Performance Considerations

  • OCC works best with low-to-moderate contention

  • High contention scenarios may require application-level coordination

  • Consider partitioning strategies to reduce contention on hot data

  • Monitor conflict rates to optimize write patterns

Advanced Concurrency Patterns

Leader/Follower Pattern

For scenarios requiring strict ordering:

import os
import tempfile
import time
from datashard import create_table, Schema

# Define schema
leader_schema = Schema(
    schema_id=1,
    fields=[
        {"id": 1, "name": "record_id", "type": "long", "required": True},
        {"id": 2, "name": "data", "type": "string", "required": True}
    ]
)

table = create_table("/path/to/leader_table", leader_schema)

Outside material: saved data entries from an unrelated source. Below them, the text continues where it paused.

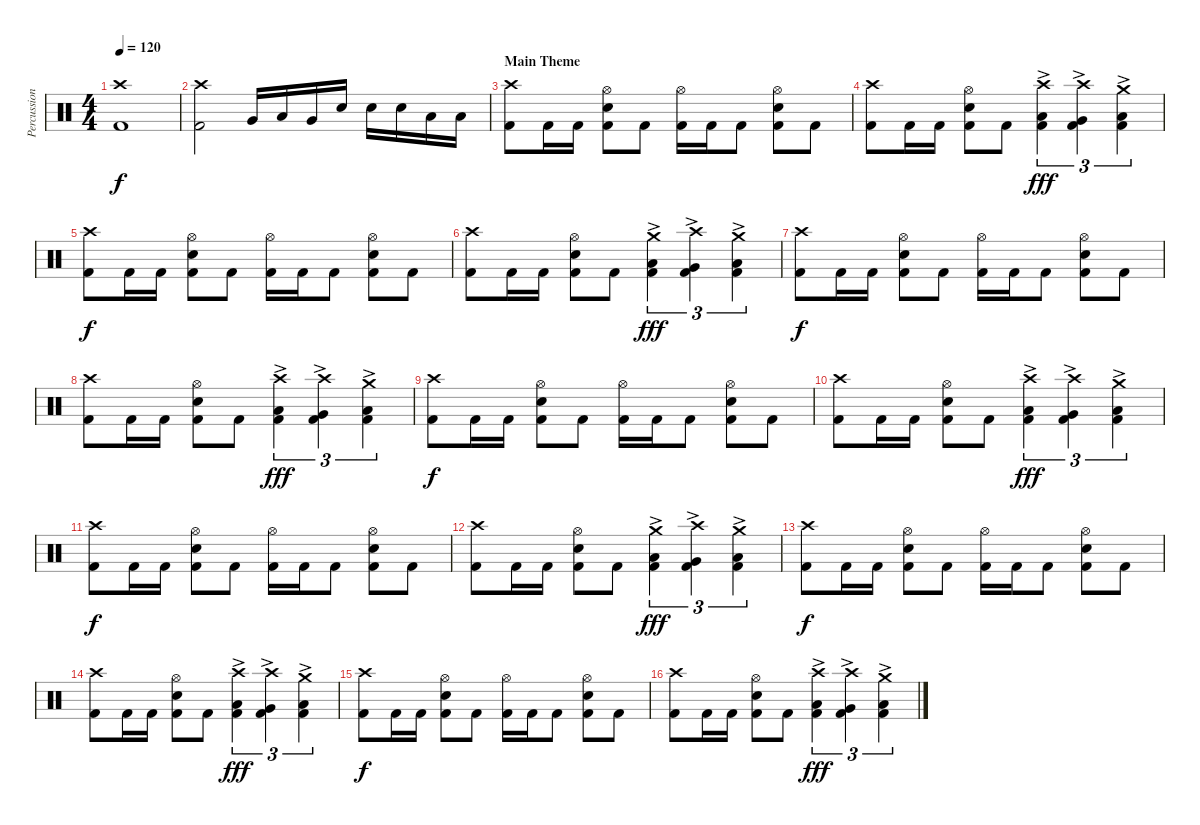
\track ("Percussion" "Percussion") {instrument percussion}
\staff {score}
\articulation defaults
\ts (4 4)
\tempo 120
\clef neutral
\ks c
("Crash high (hit)" "Kick (hit) 2").1{dy f} |
("Crash high (hit)" "Kick (hit) 2").2 "Very Low Tom (hit)".16 "Low Floor Tom (hit)".16 "Very Low Tom (hit)".16 "Electric Snare (hit)".16 "Electric Snare (hit)".16 "Electric Snare (hit)".16 "Low Tom (hit)".16 "Low Tom (hit)".16 |
\section ("" "Main Theme")
("Crash high (hit)" "Kick (hit) 2").8 "Kick (hit) 2".16 "Kick (hit) 2".16 ("Hi-Hat (open)" "Electric Snare (hit)" "Kick (hit) 2").8 "Kick (hit) 2".8 ("Hi-Hat (open)" "Kick (hit) 2").16 "Kick (hit) 2".16 "Kick (hit) 2".8 ("Hi-Hat (open)" "Electric Snare (hit)" "Kick (hit) 2").8 "Kick (hit) 2".8 |
("Crash high (hit)" "Kick (hit) 2").8 "Kick (hit) 2".16 "Kick (hit) 2".16 ("Hi-Hat (open)" "Electric Snare (hit)" "Kick (hit) 2").8 "Kick (hit) 2".8 ("Crash high (hit)" "Low Floor Tom (hit)"{ac} "Kick (hit) 2").4{tu (3 2) dy fff} ("Crash high (hit)" "Very Low Tom (hit)"{ac} "Kick (hit) 2").4{tu (3 2)} ("Crash medium (hit)" "Low Tom (hit)"{ac} "Kick (hit) 2").4{tu (3 2)} |
("Crash high (hit)" "Kick (hit) 2").8{dy f} "Kick (hit) 2".16 "Kick (hit) 2".16 ("Hi-Hat (open)" "Electric Snare (hit)" "Kick (hit) 2").8 "Kick (hit) 2".8 ("Hi-Hat (open)" "Kick (hit) 2").16 "Kick (hit) 2".16 "Kick (hit) 2".8 ("Hi-Hat (open)" "Electric Snare (hit)" "Kick (hit) 2").8 "Kick (hit) 2".8 |
("Crash high (hit)" "Kick (hit) 2").8 "Kick (hit) 2".16 "Kick (hit) 2".16 ("Hi-Hat (open)" "Electric Snare (hit)" "Kick (hit) 2").8 "Kick (hit) 2".8 ("Crash medium (hit)" "Low Tom (hit)"{ac} "Kick (hit) 2").4{tu (3 2) dy fff} ("Crash high (hit)" "Very Low Tom (hit)"{ac} "Kick (hit) 2").4{tu (3 2)} ("Crash medium (hit)" "Low Tom (hit)"{ac} "Kick (hit) 2").4{tu (3 2)} |
("Crash high (hit)" "Kick (hit) 2").8{dy f} "Kick (hit) 2".16 "Kick (hit) 2".16 ("Hi-Hat (open)" "Electric Snare (hit)" "Kick (hit) 2").8 "Kick (hit) 2".8 ("Hi-Hat (open)" "Kick (hit) 2").16 "Kick (hit) 2".16 "Kick (hit) 2".8 ("Hi-Hat (open)" "Electric Snare (hit)" "Kick (hit) 2").8 "Kick (hit) 2".8 |
("Crash high (hit)" "Kick (hit) 2").8 "Kick (hit) 2".16 "Kick (hit) 2".16 ("Hi-Hat (open)" "Electric Snare (hit)" "Kick (hit) 2").8 "Kick (hit) 2".8 ("Crash high (hit)" "Low Floor Tom (hit)"{ac} "Kick (hit) 2").4{tu (3 2) dy fff} ("Crash high (hit)" "Very Low Tom (hit)"{ac} "Kick (hit) 2").4{tu (3 2)} ("Crash medium (hit)" "Low Tom (hit)"{ac} "Kick (hit) 2").4{tu (3 2)} |
("Crash high (hit)" "Kick (hit) 2").8{dy f} "Kick (hit) 2".16 "Kick (hit) 2".16 ("Hi-Hat (open)" "Electric Snare (hit)" "Kick (hit) 2").8 "Kick (hit) 2".8 ("Hi-Hat (open)" "Kick (hit) 2").16 "Kick (hit) 2".16 "Kick (hit) 2".8 ("Hi-Hat (open)" "Electric Snare (hit)" "Kick (hit) 2").8 "Kick (hit) 2".8 |
("Crash high (hit)" "Kick (hit) 2").8 "Kick (hit) 2".16 "Kick (hit) 2".16 ("Hi-Hat (open)" "Electric Snare (hit)" "Kick (hit) 2").8 "Kick (hit) 2".8 ("Crash high (hit)" "Low Floor Tom (hit)"{ac} "Kick (hit) 2").4{tu (3 2) dy fff} ("Crash high (hit)" "Very Low Tom (hit)"{ac} "Kick (hit) 2").4{tu (3 2)} ("Crash medium (hit)" "Low Tom (hit)"{ac} "Kick (hit) 2").4{tu (3 2)} |
("Crash high (hit)" "Kick (hit) 2").8{dy f} "Kick (hit) 2".16 "Kick (hit) 2".16 ("Hi-Hat (open)" "Electric Snare (hit)" "Kick (hit) 2").8 "Kick (hit) 2".8 ("Hi-Hat (open)" "Kick (hit) 2").16 "Kick (hit) 2".16 "Kick (hit) 2".8 ("Hi-Hat (open)" "Electric Snare (hit)" "Kick (hit) 2").8 "Kick (hit) 2".8 |
("Crash high (hit)" "Kick (hit) 2").8 "Kick (hit) 2".16 "Kick (hit) 2".16 ("Hi-Hat (open)" "Electric Snare (hit)" "Kick (hit) 2").8 "Kick (hit) 2".8 ("Crash medium (hit)" "Low Tom (hit)"{ac} "Kick (hit) 2").4{tu (3 2) dy fff} ("Crash high (hit)" "Very Low Tom (hit)"{ac} "Kick (hit) 2").4{tu (3 2)} ("Crash medium (hit)" "Low Tom (hit)"{ac} "Kick (hit) 2").4{tu (3 2)} |
("Crash high (hit)" "Kick (hit) 2").8{dy f} "Kick (hit) 2".16 "Kick (hit) 2".16 ("Hi-Hat (open)" "Electric Snare (hit)" "Kick (hit) 2").8 "Kick (hit) 2".8 ("Hi-Hat (open)" "Kick (hit) 2").16 "Kick (hit) 2".16 "Kick (hit) 2".8 ("Hi-Hat (open)" "Electric Snare (hit)" "Kick (hit) 2").8 "Kick (hit) 2".8 |
("Crash high (hit)" "Kick (hit) 2").8 "Kick (hit) 2".16 "Kick (hit) 2".16 ("Hi-Hat (open)" "Electric Snare (hit)" "Kick (hit) 2").8 "Kick (hit) 2".8 ("Crash high (hit)" "Low Floor Tom (hit)"{ac} "Kick (hit) 2").4{tu (3 2) dy fff} ("Crash high (hit)" "Very Low Tom (hit)"{ac} "Kick (hit) 2").4{tu (3 2)} ("Crash medium (hit)" "Low Tom (hit)"{ac} "Kick (hit) 2").4{tu (3 2)} |
("Crash high (hit)" "Kick (hit) 2").8{dy f} "Kick (hit) 2".16 "Kick (hit) 2".16 ("Hi-Hat (open)" "Electric Snare (hit)" "Kick (hit) 2").8 "Kick (hit) 2".8 ("Hi-Hat (open)" "Kick (hit) 2").16 "Kick (hit) 2".16 "Kick (hit) 2".8 ("Hi-Hat (open)" "Electric Snare (hit)" "Kick (hit) 2").8 "Kick (hit) 2".8 |
("Crash high (hit)" "Kick (hit) 2").8 "Kick (hit) 2".16 "Kick (hit) 2".16 ("Hi-Hat (open)" "Electric Snare (hit)" "Kick (hit) 2").8 "Kick (hit) 2".8 ("Crash high (hit)" "Low Floor Tom (hit)"{ac} "Kick (hit) 2").4{tu (3 2) dy fff} ("Crash high (hit)" "Very Low Tom (hit)"{ac} "Kick (hit) 2").4{tu (3 2)} ("Crash medium (hit)" "Low Tom (hit)"{ac} "Kick (hit) 2").4{tu (3 2)}

def coordinated_write(table, records, schema, process_id):
    # Use file-based coordination
    lock_file = os.path.join(tempfile.gettempdir(), f"datashard_lock_{table.table_path}")

    while True:
        if try_acquire_lock(lock_file, process_id):
            try:
                return table.append_records(records=records, schema=schema)
            finally:
                release_lock(lock_file, process_id)
        else:
            time.sleep(0.01)  # Wait and retry

Partition-Aware Writing

Reduce conflicts by organizing writes around partitions:

from datashard import create_table, Schema

# Define schema with partition support
partition_schema = Schema(
    schema_id=1,
    fields=[
        {"id": 1, "name": "record_id", "type": "long", "required": True},
        {"id": 2, "name": "data", "type": "string", "required": True},
        {"id": 3, "name": "partition", "type": "string", "required": True}
    ]
)

table = create_table("/path/to/partitioned_table", partition_schema)

def partitioned_write(table, record_groups_by_partition, schema):
    """Write to different partitions to reduce conflicts"""
    results = []

    for partition_value, records in record_groups_by_partition.items():
        with table.new_transaction() as tx:
            tx.append_data(
                records=records,
                schema=schema,
                partition_values={"partition": partition_value}
            )
            results.append(tx.commit())

    return all(results)

# Example usage
record_groups = {
    "2024-01": [{"record_id": 1, "data": "jan_data", "partition": "2024-01"}],
    "2024-02": [{"record_id": 2, "data": "feb_data", "partition": "2024-02"}]
}
partitioned_write(table, record_groups, partition_schema)

These patterns help optimize concurrent access based on your specific workload requirements.